Proof Suppose for the sake of a contradiction that for each $n$, $F_n$ has empty interior. In particular, that would imply there exists an element $x_1\in F_1^c$ (otherwise $X$ would be empty). So, we may obtain a closed neighborhood $G_1$ of $x_1$ such that $G_1\cap F_1=\varnothing$, where we can specify that $diamG_1<\frac{1}{2}$ (this exists because a singleton is such an example). Consider $F_1\cup F_2$. Since they have empty interior, we may find $x_2\in X\backslash (F_1\cup F_2)$, with a closed neighborhood $G$ of $x_2$ satisfying $diamG<\frac{1}{2^2}$, such that $G\cap (F_1\cup F_2)=\varnothing$. Set $G_2=G\cap G_1$. This set in particular, is a closed set containing $x_2$......

My question is, why is $G\cap G_1$ a closed neighborhood of $x_2$?

Answer 1

If you already know Baire, suppose that all $F_n$ have empty interior.

Define $D_n = X\setminus F_n$. Then $D_n$ is open (as $F_n$ is closed) and dense (as $\overline{X\setminus F_n}= X\setminus \operatorname{int}(F_n)=X$)
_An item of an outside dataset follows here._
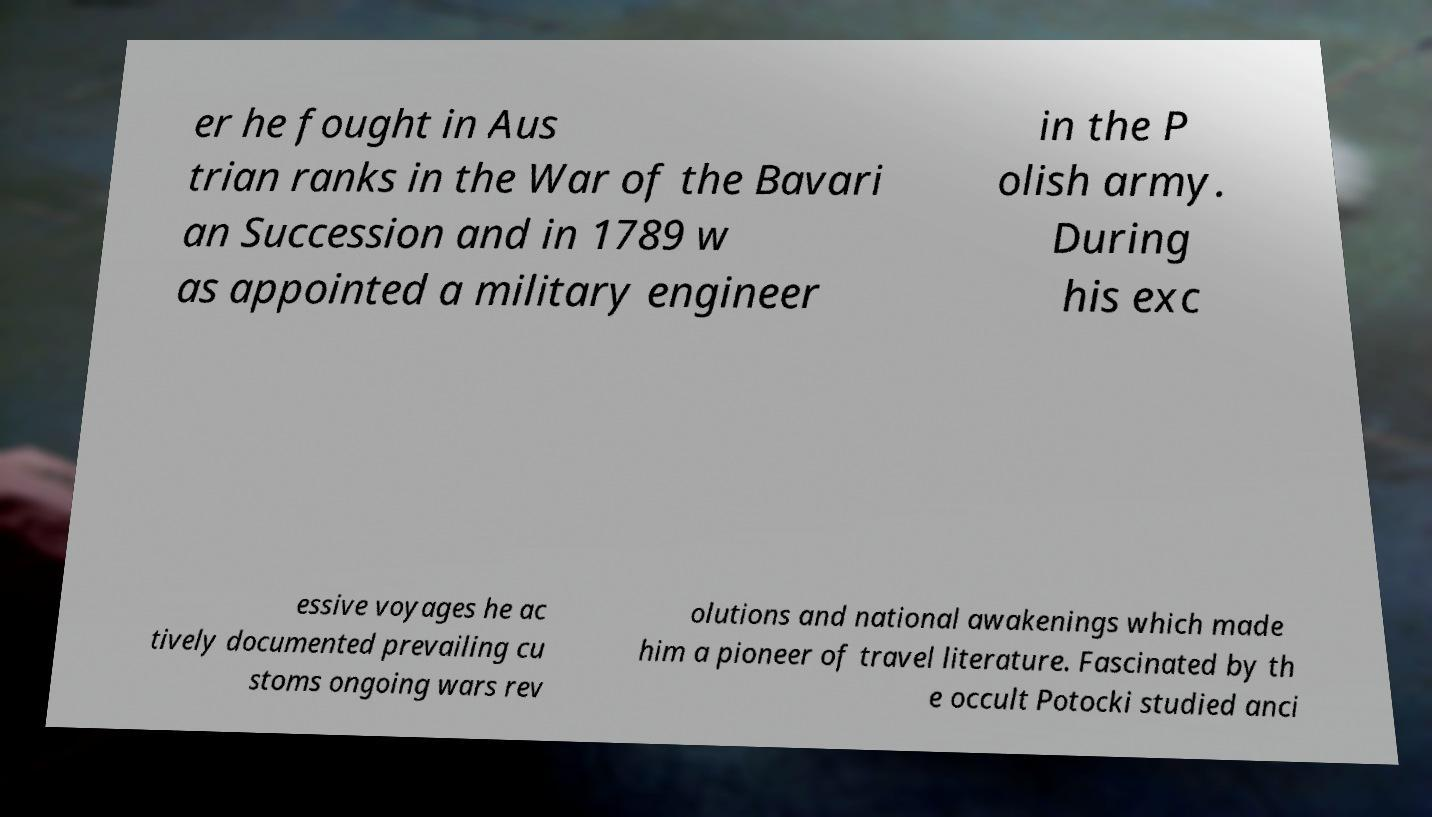For documentation purposes, I need the text within this image transcribed. Could you provide that? er he fought in Aus trian ranks in the War of the Bavari an Succession and in 1789 w as appointed a military engineer in the P olish army. During his exc essive voyages he ac tively documented prevailing cu stoms ongoing wars rev olutions and national awakenings which made him a pioneer of travel literature. Fascinated by th e occult Potocki studied anci

Then Baire's theorem says that $$\bigcap_n D_n = \bigcap (X\setminus F_n) = X\setminus (\bigcup_n F_n) = X\setminus X=\emptyset$$

would be dense in $X$, a contradiction. So the assumption that all $F_n$ have empty interior is incorrect. QED.

Answer 2

You can fix the argument like this: Since $F_1\cup F_2$ is closed, $V=X-(F_1\cup F_2)$ is open, remark that $V$ is dense and open since the interior of $F_1\cap F_2$ is empty. Let $G^0$ be the interior of $G$, $G^0\cap V$ is not empty and open since $G^0$ is open and $V$ is open and dense. Let $x_2\in G^0\cap V$ there exists $B(x_2,r)\subset G^0\cap V,\bar B(x_2,r/2)\subset B(x_2,r)\subset G_0\cap V$. Where $\bar B(x_2,r/2)$ is the closed ball of radius $r/2$. we can take $r<{1\over 2^2}$ and $G_1=\bar B(x_2,r)\subset G\subset V$.